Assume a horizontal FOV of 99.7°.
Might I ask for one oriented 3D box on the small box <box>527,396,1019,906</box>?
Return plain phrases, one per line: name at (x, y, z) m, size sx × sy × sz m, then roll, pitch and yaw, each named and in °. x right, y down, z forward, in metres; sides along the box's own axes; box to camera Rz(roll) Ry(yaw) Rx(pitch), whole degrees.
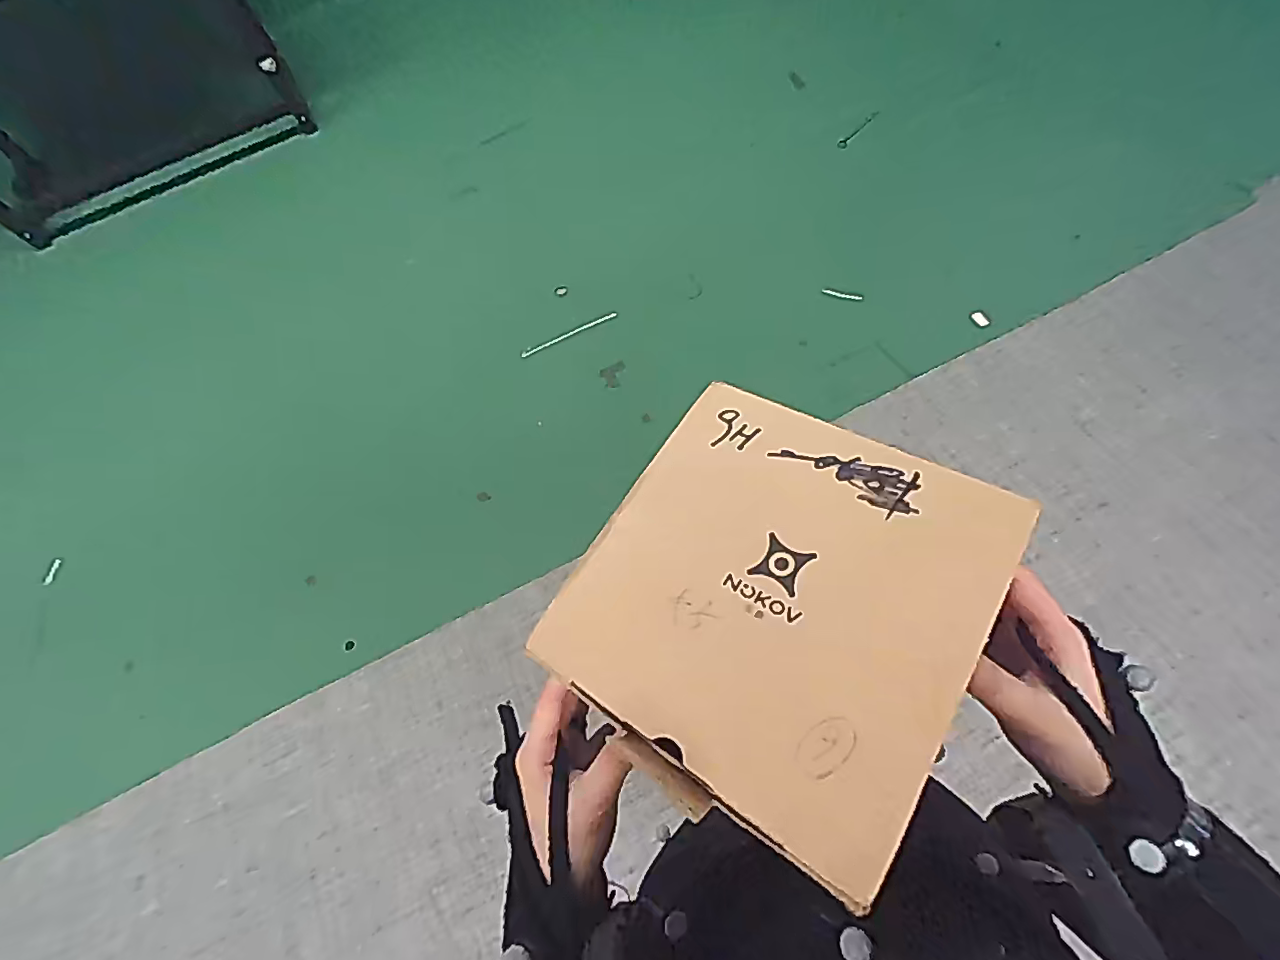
small box at (0.074, 0.089, 0.316) m, size 0.168 × 0.176 × 0.179 m, roll 27°, pitch 71°, yaw 26°

◇ ◇ ◇ ◇

Assignment:
Pictures aside, return all of the material exactly as written.

Answer to the exercise:
Assume a horizontal FOV of 99.7°.
Might I ask for one oriented 3D box on the small box <box>527,396,1019,906</box>?
Return plain phrases, one per line: name at (x, y, z) m, size sx × sy × sz m, then roll, pitch and yaw, each named and in °. x right, y down, z forward, in metres; sides along the box's own axes; box to camera Rz(roll) Ry(yaw) Rx(pitch), whole degrees.
small box at (0.074, 0.089, 0.316) m, size 0.168 × 0.176 × 0.179 m, roll 27°, pitch 71°, yaw 26°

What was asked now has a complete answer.